Collection entries:
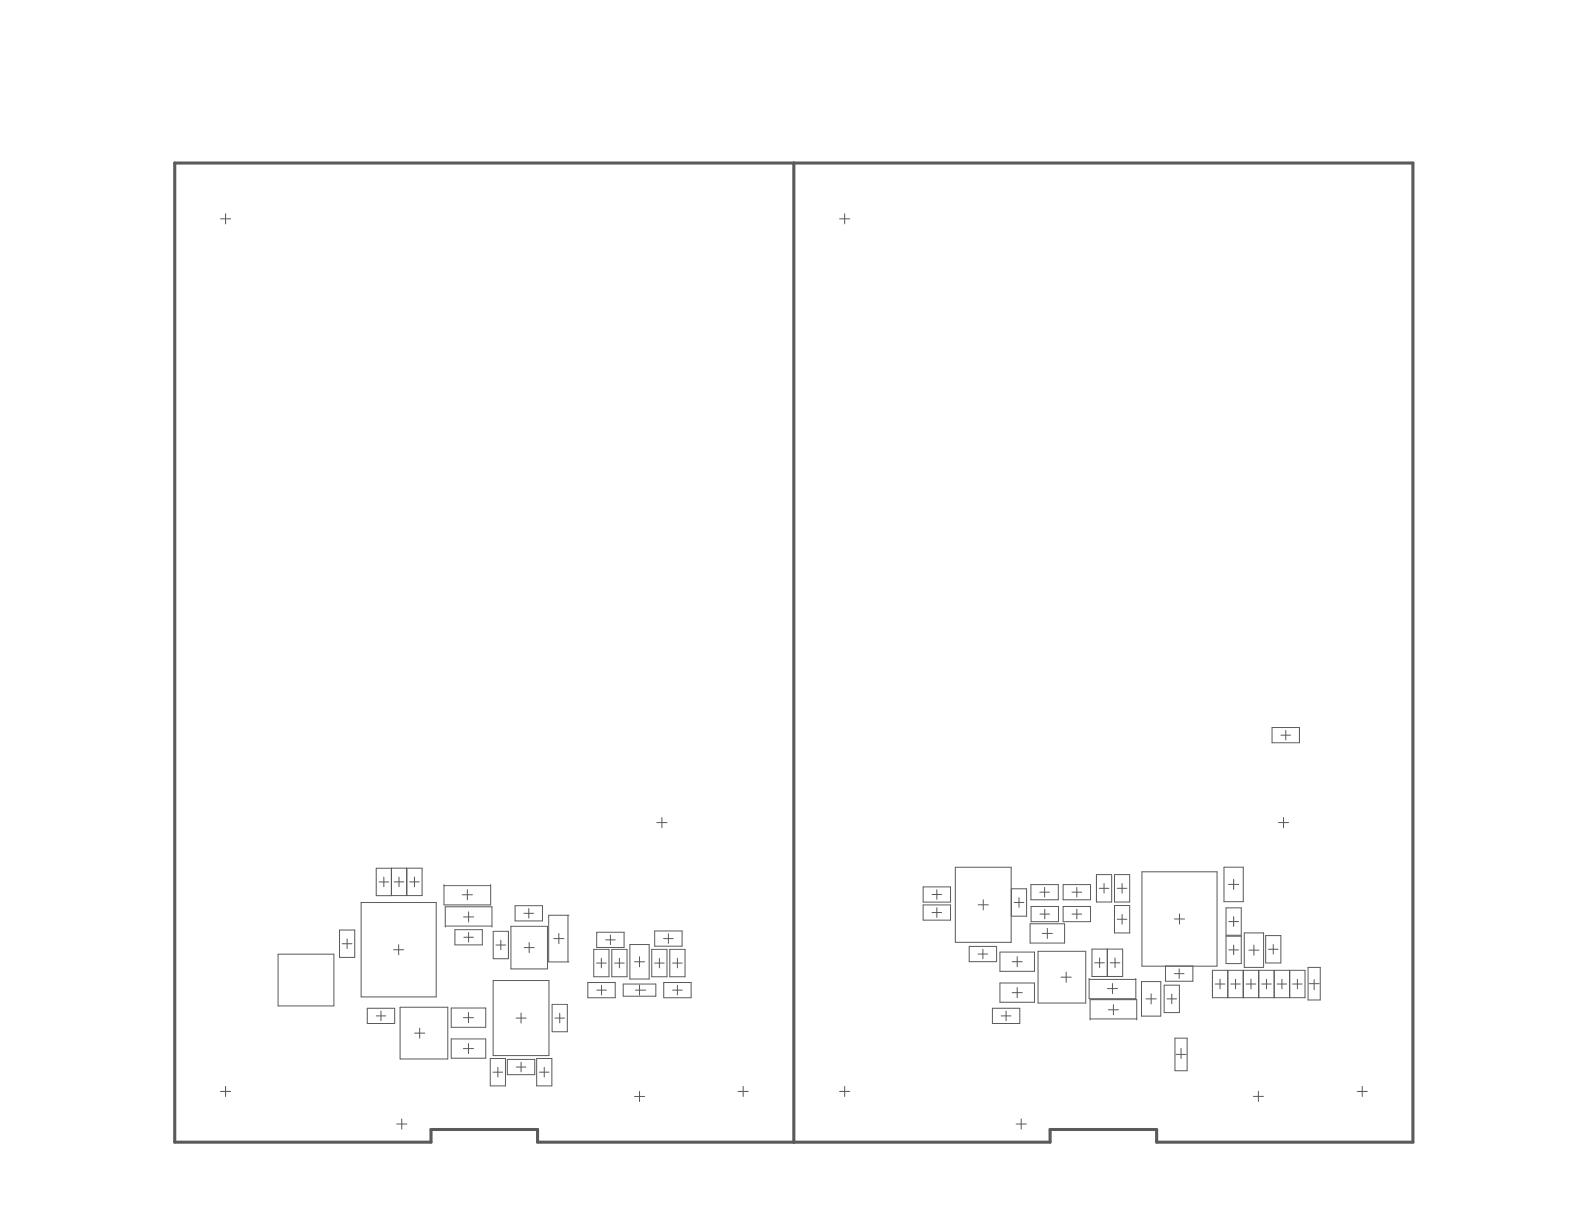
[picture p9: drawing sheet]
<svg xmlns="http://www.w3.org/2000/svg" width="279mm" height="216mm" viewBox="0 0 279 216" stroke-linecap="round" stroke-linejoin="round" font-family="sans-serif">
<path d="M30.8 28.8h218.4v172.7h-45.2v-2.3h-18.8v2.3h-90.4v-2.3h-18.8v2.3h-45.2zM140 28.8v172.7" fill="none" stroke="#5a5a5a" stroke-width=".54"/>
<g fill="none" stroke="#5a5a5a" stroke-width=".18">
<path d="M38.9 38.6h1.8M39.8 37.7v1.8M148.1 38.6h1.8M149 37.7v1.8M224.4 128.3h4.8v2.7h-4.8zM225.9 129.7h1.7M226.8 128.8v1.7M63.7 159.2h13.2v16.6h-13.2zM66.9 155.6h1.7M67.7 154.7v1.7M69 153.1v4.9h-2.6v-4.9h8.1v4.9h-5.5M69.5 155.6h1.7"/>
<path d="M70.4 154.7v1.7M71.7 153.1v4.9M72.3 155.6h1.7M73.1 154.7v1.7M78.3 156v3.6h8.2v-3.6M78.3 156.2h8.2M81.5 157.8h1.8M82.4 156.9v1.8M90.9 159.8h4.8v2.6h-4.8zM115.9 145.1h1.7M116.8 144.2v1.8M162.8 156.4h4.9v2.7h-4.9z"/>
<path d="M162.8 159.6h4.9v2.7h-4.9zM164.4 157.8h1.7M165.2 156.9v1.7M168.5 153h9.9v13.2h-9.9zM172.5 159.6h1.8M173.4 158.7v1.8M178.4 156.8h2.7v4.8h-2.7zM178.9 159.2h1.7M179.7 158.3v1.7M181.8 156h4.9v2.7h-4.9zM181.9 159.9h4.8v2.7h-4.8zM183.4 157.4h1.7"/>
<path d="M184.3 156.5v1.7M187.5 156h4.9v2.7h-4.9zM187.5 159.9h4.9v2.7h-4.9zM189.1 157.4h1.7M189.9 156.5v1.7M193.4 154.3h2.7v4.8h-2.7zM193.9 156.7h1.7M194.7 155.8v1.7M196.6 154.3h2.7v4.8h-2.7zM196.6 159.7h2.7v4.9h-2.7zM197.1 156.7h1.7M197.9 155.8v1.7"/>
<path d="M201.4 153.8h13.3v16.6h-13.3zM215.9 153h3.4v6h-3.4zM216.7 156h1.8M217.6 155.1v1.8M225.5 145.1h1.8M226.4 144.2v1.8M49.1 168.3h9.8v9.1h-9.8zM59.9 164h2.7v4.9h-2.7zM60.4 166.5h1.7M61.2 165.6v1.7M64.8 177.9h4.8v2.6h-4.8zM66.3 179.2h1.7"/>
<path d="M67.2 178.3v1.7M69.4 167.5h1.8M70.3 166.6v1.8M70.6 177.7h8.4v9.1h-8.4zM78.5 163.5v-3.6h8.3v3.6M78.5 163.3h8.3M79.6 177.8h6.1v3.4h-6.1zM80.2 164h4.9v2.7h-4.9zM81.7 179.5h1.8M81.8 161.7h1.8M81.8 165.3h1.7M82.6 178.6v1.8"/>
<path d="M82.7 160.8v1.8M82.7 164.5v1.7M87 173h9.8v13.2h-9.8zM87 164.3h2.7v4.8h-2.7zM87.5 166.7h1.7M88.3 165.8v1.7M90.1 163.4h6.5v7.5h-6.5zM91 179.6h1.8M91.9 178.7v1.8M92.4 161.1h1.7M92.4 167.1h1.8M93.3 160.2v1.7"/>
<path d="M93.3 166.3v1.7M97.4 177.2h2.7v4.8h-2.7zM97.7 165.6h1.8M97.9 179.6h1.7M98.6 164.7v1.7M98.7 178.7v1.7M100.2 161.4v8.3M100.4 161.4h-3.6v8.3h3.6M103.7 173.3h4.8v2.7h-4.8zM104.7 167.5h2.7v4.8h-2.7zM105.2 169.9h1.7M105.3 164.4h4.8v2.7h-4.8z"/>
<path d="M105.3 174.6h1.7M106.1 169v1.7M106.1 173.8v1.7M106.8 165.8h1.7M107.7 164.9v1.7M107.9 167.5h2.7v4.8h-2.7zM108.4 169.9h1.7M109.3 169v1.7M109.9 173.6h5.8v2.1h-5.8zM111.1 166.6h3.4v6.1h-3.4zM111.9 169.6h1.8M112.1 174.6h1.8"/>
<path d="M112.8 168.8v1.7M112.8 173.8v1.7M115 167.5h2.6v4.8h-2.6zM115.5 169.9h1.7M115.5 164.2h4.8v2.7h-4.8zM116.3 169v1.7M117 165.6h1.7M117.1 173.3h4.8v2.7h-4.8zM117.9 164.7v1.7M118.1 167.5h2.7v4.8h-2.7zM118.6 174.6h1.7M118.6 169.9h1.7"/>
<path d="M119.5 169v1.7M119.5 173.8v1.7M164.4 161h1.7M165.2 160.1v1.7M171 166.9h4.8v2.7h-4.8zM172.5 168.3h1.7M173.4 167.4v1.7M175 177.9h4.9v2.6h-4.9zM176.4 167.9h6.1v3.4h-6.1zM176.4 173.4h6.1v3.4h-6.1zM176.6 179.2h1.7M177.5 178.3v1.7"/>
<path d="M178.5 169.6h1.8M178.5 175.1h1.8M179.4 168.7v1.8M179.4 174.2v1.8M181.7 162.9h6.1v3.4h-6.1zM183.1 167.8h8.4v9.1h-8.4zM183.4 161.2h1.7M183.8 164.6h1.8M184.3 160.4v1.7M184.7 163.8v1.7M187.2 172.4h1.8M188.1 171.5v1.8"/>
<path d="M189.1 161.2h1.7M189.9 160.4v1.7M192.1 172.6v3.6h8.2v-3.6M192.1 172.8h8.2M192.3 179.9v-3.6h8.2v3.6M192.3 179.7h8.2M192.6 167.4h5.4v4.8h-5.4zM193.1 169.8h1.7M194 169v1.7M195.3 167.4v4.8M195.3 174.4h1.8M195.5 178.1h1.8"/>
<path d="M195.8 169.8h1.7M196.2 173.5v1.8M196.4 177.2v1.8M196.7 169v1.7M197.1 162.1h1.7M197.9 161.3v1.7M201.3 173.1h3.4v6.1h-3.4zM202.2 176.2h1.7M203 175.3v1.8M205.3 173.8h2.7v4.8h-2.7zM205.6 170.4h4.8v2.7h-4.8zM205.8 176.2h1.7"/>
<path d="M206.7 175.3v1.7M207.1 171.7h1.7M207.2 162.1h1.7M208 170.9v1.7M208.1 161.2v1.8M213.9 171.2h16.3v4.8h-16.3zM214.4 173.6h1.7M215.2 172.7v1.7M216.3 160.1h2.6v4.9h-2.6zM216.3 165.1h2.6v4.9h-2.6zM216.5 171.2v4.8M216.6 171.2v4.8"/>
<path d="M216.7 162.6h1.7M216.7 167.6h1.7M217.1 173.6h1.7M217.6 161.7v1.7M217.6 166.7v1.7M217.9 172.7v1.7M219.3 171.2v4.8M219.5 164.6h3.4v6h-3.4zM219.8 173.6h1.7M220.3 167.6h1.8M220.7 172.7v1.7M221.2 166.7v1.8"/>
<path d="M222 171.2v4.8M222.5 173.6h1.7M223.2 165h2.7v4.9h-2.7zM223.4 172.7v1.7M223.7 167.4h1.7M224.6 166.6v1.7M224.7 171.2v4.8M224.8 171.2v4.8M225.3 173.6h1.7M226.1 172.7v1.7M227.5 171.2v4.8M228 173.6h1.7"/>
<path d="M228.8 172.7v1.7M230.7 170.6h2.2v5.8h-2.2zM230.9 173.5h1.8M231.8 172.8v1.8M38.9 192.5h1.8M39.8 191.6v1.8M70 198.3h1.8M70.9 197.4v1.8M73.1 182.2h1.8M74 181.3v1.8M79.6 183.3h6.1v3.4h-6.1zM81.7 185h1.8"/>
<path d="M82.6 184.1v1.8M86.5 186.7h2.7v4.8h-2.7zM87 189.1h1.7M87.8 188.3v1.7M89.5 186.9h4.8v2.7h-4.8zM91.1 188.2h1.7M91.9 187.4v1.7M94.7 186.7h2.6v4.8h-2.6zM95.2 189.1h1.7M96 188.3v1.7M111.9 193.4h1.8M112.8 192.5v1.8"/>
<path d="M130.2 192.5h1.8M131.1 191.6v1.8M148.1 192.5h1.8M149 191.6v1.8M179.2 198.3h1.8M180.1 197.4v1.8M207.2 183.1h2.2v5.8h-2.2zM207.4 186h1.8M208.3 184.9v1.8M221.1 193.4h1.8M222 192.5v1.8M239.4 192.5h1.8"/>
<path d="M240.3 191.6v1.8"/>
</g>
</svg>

▶ PROMPT
Set down, exactly as they appear above, all lines from the one that has "159.6h4.9v2.7h-4.9zM164.4 157.8h1.7M165.2 156.9v1.7M168.5" down to the one that has "174.6h1.7M106.1 169v1.7M106.1 173.8v1.7M106.8", including those two and no others.

▶ TASK SOLUTION
<path d="M162.8 159.6h4.9v2.7h-4.9zM164.4 157.8h1.7M165.2 156.9v1.7M168.5 153h9.9v13.2h-9.9zM172.5 159.6h1.8M173.4 158.7v1.8M178.4 156.8h2.7v4.8h-2.7zM178.9 159.2h1.7M179.7 158.3v1.7M181.8 156h4.9v2.7h-4.9zM181.9 159.9h4.8v2.7h-4.8zM183.4 157.4h1.7"/>
<path d="M184.3 156.5v1.7M187.5 156h4.9v2.7h-4.9zM187.5 159.9h4.9v2.7h-4.9zM189.1 157.4h1.7M189.9 156.5v1.7M193.4 154.3h2.7v4.8h-2.7zM193.9 156.7h1.7M194.7 155.8v1.7M196.6 154.3h2.7v4.8h-2.7zM196.6 159.7h2.7v4.9h-2.7zM197.1 156.7h1.7M197.9 155.8v1.7"/>
<path d="M201.4 153.8h13.3v16.6h-13.3zM215.9 153h3.4v6h-3.4zM216.7 156h1.8M217.6 155.1v1.8M225.5 145.1h1.8M226.4 144.2v1.8M49.1 168.3h9.8v9.1h-9.8zM59.9 164h2.7v4.9h-2.7zM60.4 166.5h1.7M61.2 165.6v1.7M64.8 177.9h4.8v2.6h-4.8zM66.3 179.2h1.7"/>
<path d="M67.2 178.3v1.7M69.4 167.5h1.8M70.3 166.6v1.8M70.6 177.7h8.4v9.1h-8.4zM78.5 163.5v-3.6h8.3v3.6M78.5 163.3h8.3M79.6 177.8h6.1v3.4h-6.1zM80.2 164h4.9v2.7h-4.9zM81.7 179.5h1.8M81.8 161.7h1.8M81.8 165.3h1.7M82.6 178.6v1.8"/>
<path d="M82.7 160.8v1.8M82.7 164.5v1.7M87 173h9.8v13.2h-9.8zM87 164.3h2.7v4.8h-2.7zM87.5 166.7h1.7M88.3 165.8v1.7M90.1 163.4h6.5v7.5h-6.5zM91 179.6h1.8M91.9 178.7v1.8M92.4 161.1h1.7M92.4 167.1h1.8M93.3 160.2v1.7"/>
<path d="M93.3 166.3v1.7M97.4 177.2h2.7v4.8h-2.7zM97.7 165.6h1.8M97.9 179.6h1.7M98.6 164.7v1.7M98.7 178.7v1.7M100.2 161.4v8.3M100.4 161.4h-3.6v8.3h3.6M103.7 173.3h4.8v2.7h-4.8zM104.7 167.5h2.7v4.8h-2.7zM105.2 169.9h1.7M105.3 164.4h4.8v2.7h-4.8z"/>
<path d="M105.3 174.6h1.7M106.1 169v1.7M106.1 173.8v1.7M106.8 165.8h1.7M107.7 164.9v1.7M107.9 167.5h2.7v4.8h-2.7zM108.4 169.9h1.7M109.3 169v1.7M109.9 173.6h5.8v2.1h-5.8zM111.1 166.6h3.4v6.1h-3.4zM111.9 169.6h1.8M112.1 174.6h1.8"/>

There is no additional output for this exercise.